No interactions on record
No interactions on record
Explore head-to-head clinical comparisons of other medications in the same therapeutic classes.
Common clinical questions about ALA-SCALP vs A-HYDROCORT, answered by our medical review team.
ALA-SCALP is a Topical Corticosteroid that works by ALA-SCALP (aminolevulinic acid) is a photosensitizer precursor that is converted intracellularly to protoporphyrin IX (Pp IX), which accumulates in cells with increased heme synthesis, such as rapidly dividing cells. Upon exposure to blue light (BLU-U®), Pp IX produces reactive oxygen species, leading to cellular damage and apoptosis of targeted cells.. A-HYDROCORT is a Corticosteroid that works by Hydrocortisone is a corticosteroid hormone that binds to glucocorticoid receptors, modulating gene expression to suppress inflammation, inhibit immune response, and regulate metabolism.. They differ in pharmacokinetic profiles, FDA-approved indications, and side effect profiles.
Potency comparisons between ALA-SCALP and A-HYDROCORT depend on the specific clinical indication. These are agents from distinct pharmacological classes and are not directly interchangeable by dose. A physician or clinical pharmacist should guide any therapeutic switching decisions.

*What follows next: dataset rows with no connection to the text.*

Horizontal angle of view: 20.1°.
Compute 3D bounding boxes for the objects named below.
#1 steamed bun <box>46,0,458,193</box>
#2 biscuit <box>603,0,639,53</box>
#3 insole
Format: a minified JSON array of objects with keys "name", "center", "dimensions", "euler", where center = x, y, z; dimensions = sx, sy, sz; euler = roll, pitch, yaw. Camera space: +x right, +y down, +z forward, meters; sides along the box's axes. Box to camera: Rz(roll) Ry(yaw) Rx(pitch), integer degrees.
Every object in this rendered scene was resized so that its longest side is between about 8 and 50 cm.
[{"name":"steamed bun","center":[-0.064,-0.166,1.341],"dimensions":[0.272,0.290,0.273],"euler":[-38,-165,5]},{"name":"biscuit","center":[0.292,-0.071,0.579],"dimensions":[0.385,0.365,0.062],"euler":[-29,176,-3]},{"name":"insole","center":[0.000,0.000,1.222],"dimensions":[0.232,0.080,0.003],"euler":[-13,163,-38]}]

The standard adult dose of ALA-SCALP is: Topical application of a 5% solution to the scalp twice daily.. The standard adult dose of A-HYDROCORT is: Adrenal insufficiency: oral 20-30 mg/day in divided doses; inflammatory conditions: 5-60 mg/day oral; IV/IM: hydrocortisone sodium succinate 50-100 mg every 4-6 hours.. Dosing should always be individualized based on indication, renal and hepatic function, age, and other patient factors.

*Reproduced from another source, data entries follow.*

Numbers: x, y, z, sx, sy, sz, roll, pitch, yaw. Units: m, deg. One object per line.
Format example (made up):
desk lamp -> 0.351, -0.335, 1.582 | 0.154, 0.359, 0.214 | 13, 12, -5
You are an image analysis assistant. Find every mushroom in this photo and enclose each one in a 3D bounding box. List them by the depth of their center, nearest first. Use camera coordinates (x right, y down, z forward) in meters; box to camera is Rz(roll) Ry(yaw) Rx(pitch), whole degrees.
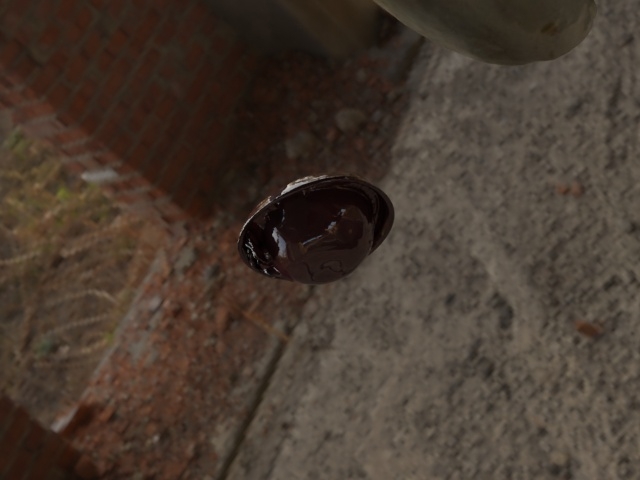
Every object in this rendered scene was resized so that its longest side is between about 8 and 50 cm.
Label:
mushroom -> 0.037, -0.227, 0.785 | 0.128, 0.350, 0.128 | -44, 30, 35

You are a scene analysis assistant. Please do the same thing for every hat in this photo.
hat -> 0.000, 0.000, 1.522 | 0.205, 0.205, 0.089 | -36, 51, 20

No direct drug-drug interaction has been formally documented between ALA-SCALP and A-HYDROCORT in current clinical databases. However, individual patient risk factors including other medications, organ function, and comorbidities should always be evaluated by a qualified healthcare provider.
The maternal-fetal safety profiles differ. ALA-SCALP is classified as Category C. No evidence of teratogenicity; topical application with minimal systemic absorption. First trimester: unlikely risk. Second/third trimester: no known fetal risks from maternal use.. A-HYDROCORT is classified as Category C. Hydrocortisone is a corticosteroid. Use during first trimester is associated with increased risk of oral clefts (odds ratio 1.5-3.0). Second and third trimester use may cause fetal. Always consult a maternal-fetal medicine specialist before taking either drug during pregnancy or lactation.